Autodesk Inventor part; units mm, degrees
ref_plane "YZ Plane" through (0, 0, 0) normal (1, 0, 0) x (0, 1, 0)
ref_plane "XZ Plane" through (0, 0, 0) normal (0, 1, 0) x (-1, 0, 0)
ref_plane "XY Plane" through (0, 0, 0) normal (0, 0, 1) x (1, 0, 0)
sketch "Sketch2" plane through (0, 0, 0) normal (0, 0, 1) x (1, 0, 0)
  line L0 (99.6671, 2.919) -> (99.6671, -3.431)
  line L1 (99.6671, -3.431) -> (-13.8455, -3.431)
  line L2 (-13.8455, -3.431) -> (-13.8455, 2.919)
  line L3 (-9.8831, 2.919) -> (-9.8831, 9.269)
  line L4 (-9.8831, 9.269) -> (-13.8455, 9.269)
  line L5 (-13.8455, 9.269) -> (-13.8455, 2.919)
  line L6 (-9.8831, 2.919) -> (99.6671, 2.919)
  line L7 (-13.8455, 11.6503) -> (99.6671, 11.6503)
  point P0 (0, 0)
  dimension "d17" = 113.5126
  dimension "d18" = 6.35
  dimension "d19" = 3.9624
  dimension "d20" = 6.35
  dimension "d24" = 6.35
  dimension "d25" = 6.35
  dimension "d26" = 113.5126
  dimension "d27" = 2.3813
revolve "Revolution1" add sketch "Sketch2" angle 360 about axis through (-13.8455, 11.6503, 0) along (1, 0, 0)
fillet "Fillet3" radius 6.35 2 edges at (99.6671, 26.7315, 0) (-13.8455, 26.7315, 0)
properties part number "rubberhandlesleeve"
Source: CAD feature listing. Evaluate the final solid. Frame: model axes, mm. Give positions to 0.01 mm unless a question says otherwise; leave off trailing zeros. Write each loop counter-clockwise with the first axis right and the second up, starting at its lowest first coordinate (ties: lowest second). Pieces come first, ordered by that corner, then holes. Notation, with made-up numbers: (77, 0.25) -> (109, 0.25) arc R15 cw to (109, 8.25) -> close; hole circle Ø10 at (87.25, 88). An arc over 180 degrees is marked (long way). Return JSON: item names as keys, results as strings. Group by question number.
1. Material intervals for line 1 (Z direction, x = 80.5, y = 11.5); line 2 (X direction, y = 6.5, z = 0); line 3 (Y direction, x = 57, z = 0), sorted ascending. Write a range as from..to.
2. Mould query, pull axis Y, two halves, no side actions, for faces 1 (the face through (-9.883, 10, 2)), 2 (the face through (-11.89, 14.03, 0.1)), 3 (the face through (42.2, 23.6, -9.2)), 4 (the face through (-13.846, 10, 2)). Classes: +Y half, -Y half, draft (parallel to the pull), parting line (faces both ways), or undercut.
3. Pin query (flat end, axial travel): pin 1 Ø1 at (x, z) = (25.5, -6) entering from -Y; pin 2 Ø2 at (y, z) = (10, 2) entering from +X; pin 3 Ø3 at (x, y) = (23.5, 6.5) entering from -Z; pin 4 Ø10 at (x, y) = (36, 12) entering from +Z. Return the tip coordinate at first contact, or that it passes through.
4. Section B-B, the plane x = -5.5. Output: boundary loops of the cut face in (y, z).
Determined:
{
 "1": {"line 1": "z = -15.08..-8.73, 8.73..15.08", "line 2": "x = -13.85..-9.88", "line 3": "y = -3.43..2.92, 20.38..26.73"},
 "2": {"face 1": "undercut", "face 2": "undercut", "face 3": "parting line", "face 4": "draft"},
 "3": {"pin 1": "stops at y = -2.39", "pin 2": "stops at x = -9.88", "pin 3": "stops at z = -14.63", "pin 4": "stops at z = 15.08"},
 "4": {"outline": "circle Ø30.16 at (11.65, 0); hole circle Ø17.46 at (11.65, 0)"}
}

+===+

Only lines containing the word "sketch" should appear in the answer, and every such line from the records above must be there.

sketch "Sketch2" plane through (0, 0, 0) normal (0, 0, 1) x (1, 0, 0)
revolve "Revolution1" add sketch "Sketch2" angle 360 about axis through (-13.8455, 11.6503, 0) along (1, 0, 0)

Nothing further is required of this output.